Le Collectif 50/50 sur les marches du Festival de Cannes en 2018. ©Keystone

En 2018, l’association féministe Le Deuxième Regard se convertit en association et se renomme le Collectif 50/50. Composée de plus de 1500 professionnelles du milieu, elle publie régulièrement des rapports chiffrés mais aussi des chartes pour la parité et la diversité dans l’audiovisuel et le cinéma. Elle a organisé sa première action lors de la 72ème édition du Festival de Cannes en faisant monter 82 femmes sur les mythiques marches du Palais des festivals, notamment la présidente du jury Cate Blanchett et la réalisatrice Agnès Varda. Un chiffre représentatif puisque c’est le nombre de femmes sélectionnées en compétition officielle à Cannes depuis ses débuts, contre 1 688 hommes. Ce message fort démontre le manque d’égalité dans le cinéma. Parmi elles, des professionnelles de tout genre: techniciennes, productrices, actrices et réalisatrices. C’est d’ailleurs grâce à ces dernières que Mélissa aperçoit une évolution positive dans le cinéma : « Pour que le secteur évolue, il faut bien commencer par un point. Si ça peut venir des réalisatrices, c’est génial »

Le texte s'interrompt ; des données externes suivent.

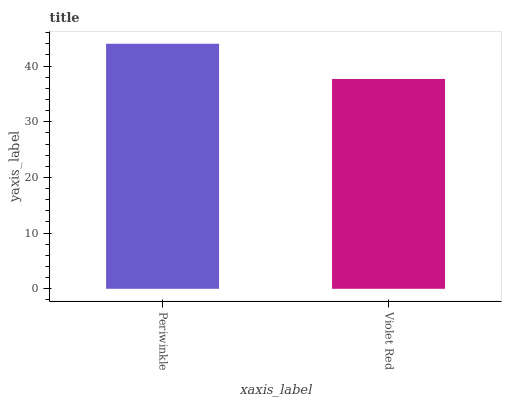Is Violet Red the minimum?
Answer yes or no. Yes. Is Periwinkle the maximum?
Answer yes or no. Yes. Is Violet Red the maximum?
Answer yes or no. No. Is Periwinkle greater than Violet Red?
Answer yes or no. Yes. Is Violet Red less than Periwinkle?
Answer yes or no. Yes. Is Violet Red greater than Periwinkle?
Answer yes or no. No. Is Periwinkle less than Violet Red?
Answer yes or no. No. Is Periwinkle the high median?
Answer yes or no. Yes. Is Violet Red the low median?
Answer yes or no. Yes. Is Violet Red the high median?
Answer yes or no. No. Is Periwinkle the low median?
Answer yes or no. No. 
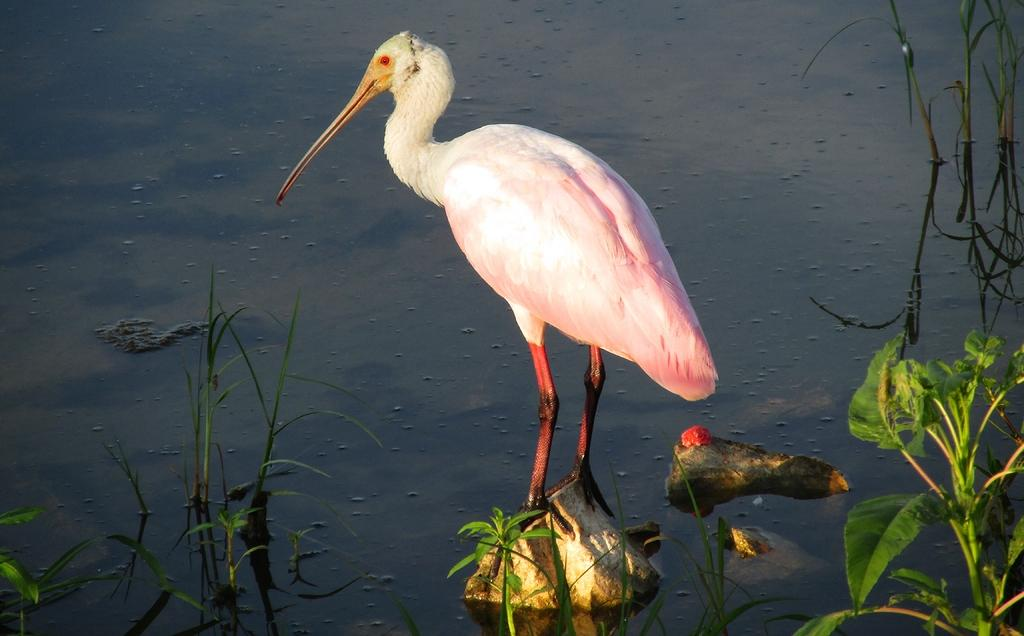What is the main subject in the image? There is a crane in the image. What is the crane standing on? The crane is standing on a stone. What type of vegetation can be seen in the image? There are plants in the image. What other objects are present in the image besides the crane and plants? There are stones and water at the bottom of the image. How many copies of the ring can be seen in the image? There is no ring present in the image. 
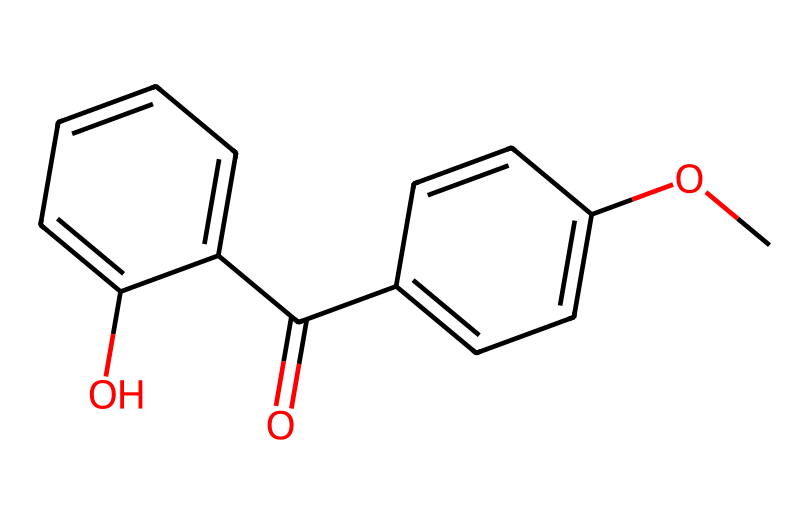What is the functional group present in this chemical? The chemical structure has a carbonyl group (C=O) indicated by the "O=C" at the beginning. This shows that it contains a ketone or an aldehyde functional group.
Answer: carbonyl How many rings are in this structure? By analyzing the structure, there are two benzene rings evident from the six-membered carbon cycles observed within the structure.
Answer: 2 What is the molecular formula of this compound? To deduce the molecular formula, count the carbon (C), hydrogen (H), and oxygen (O) atoms in the structure. In this case, there are 16 carbons, 14 hydrogens, and 3 oxygens. Thus, the formula is C16H14O3.
Answer: C16H14O3 Does this compound have any aromatic rings? The presence of double bonds in the cyclic structures and the continuous alternating double bonds confirm that this compound contains aromatic characteristics. The benzene rings are typical indicators of aromatic structures.
Answer: yes What type of sunscreen ingredient is this compound classified as? Based on its structure, particularly with the identified functional groups, this compound is often associated with being an UV filter ingredient in sunscreens due to its ability to absorb UV light.
Answer: UV filter 
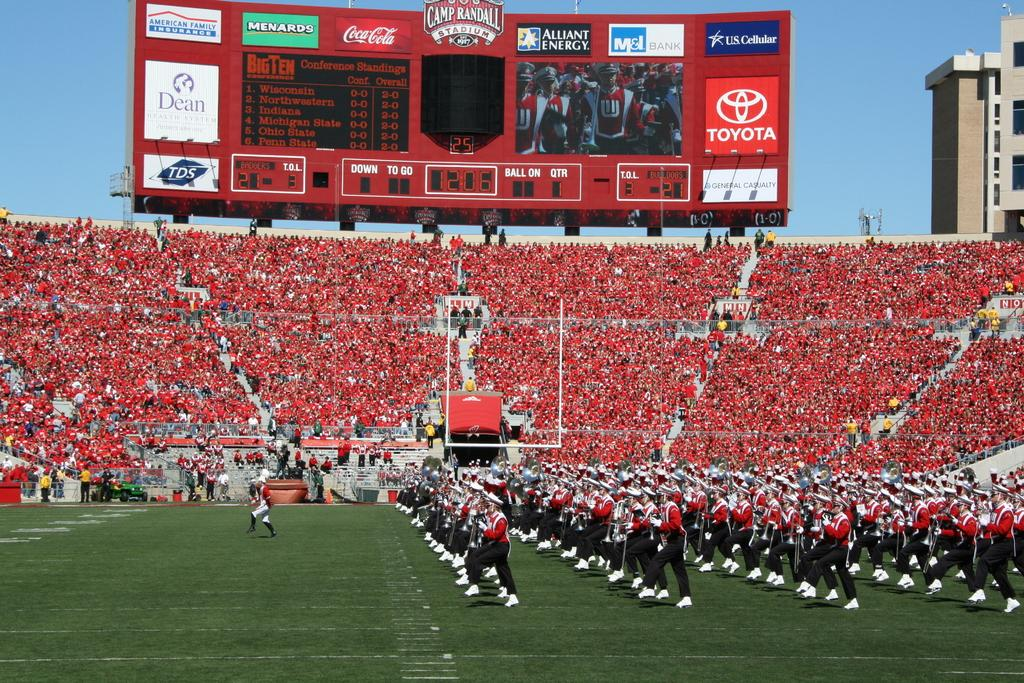<image>
Write a terse but informative summary of the picture. a football game with Toyota on the scoreboard 
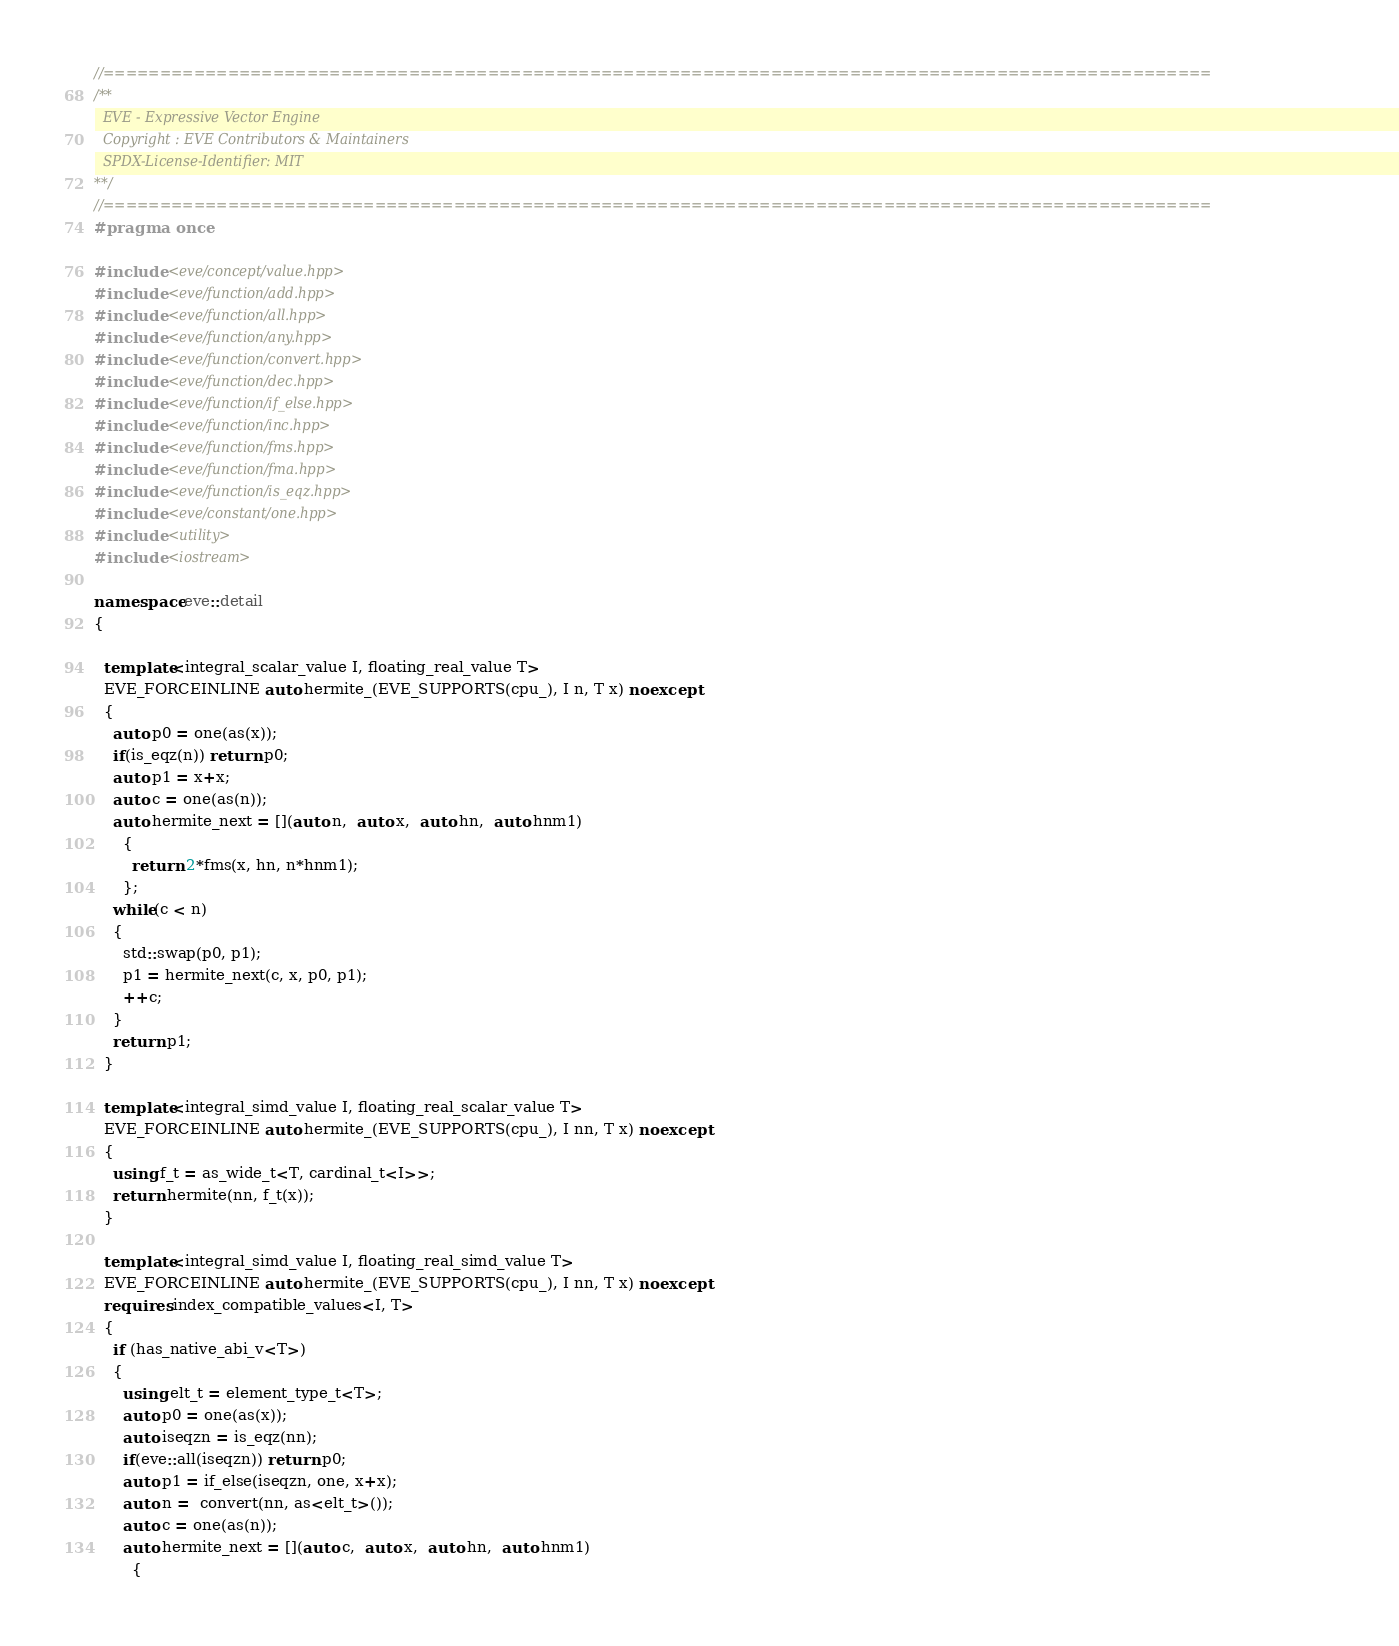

Le regard féminin comme contre-pouvoir 

Dans ses inspirations, Mélissa compte Céline Sciamma. La réalisatrice et scénariste française primée à Cannes est d’ailleurs co-fondatrice du Collectif 50/50. Elle considère son cinéma comme important car ses films sont réalisés depuis le point de vue d’une femme. Elle compare ainsi le film Portrait de la jeune fille en feu à La vie d’Adèle d’Abdellatif Kechiche : « ces films relatent tous les deux une relation entre deux femmes, mais les scènes érotiques ne retranscrivent pas les fantasmes d’un homme. Sciamma réussit à montrer l’amour sans être dégradante pour les actrices parce que ce n’est pas sexualisant ».

Face à la domination masculine dans le cinéma, les réalisatrices tentent de renverser la tendance. Théorisé depuis peu, le regard féminin ou female gaze n’est cependant pas un concept nouveau. C’est l’opposé du male gaze, défini en 1976 par la réalisatrice et chercheuse anglaise Laura Mulvey comme l’imposition d’une vision masculine hétérosexuelle par les réalisateurs.

En 2020, la journaliste et critique de cinéma Iris Brey publie Le Regard féminin, une révolution à l’écran, le premier essai français sur le sujet. Elle dresse ainsi une liste d’exemples de films où l’on retrouve ce regard féminin. Considérée comme l’une des réalisatrices les plus engagées sur la question et interviewée par le site spécialisé en cinéma Le Bleu du Miroir, Sciamma explique ainsi que « si on me demande ce qu’est le female gaze, pour moi, c’est partager. Comment on partage l’expérience d’un sujet. Tandis que le male gaze, c’est cet espèce de plaisir que l’on prend à objectiver les femmes ».

Le cinéma féministe est en pleine expansion.  Les femmes du secteur audiovisuel sont sur tous les fronts. Elles luttent pour plus de parité et moins d’inégalités salariales; plus de représentation et moins de stéréotypes dégradants. Un combat long, mais qui renvoie une image positive grâce à la sororité qui se dégage des divers combats.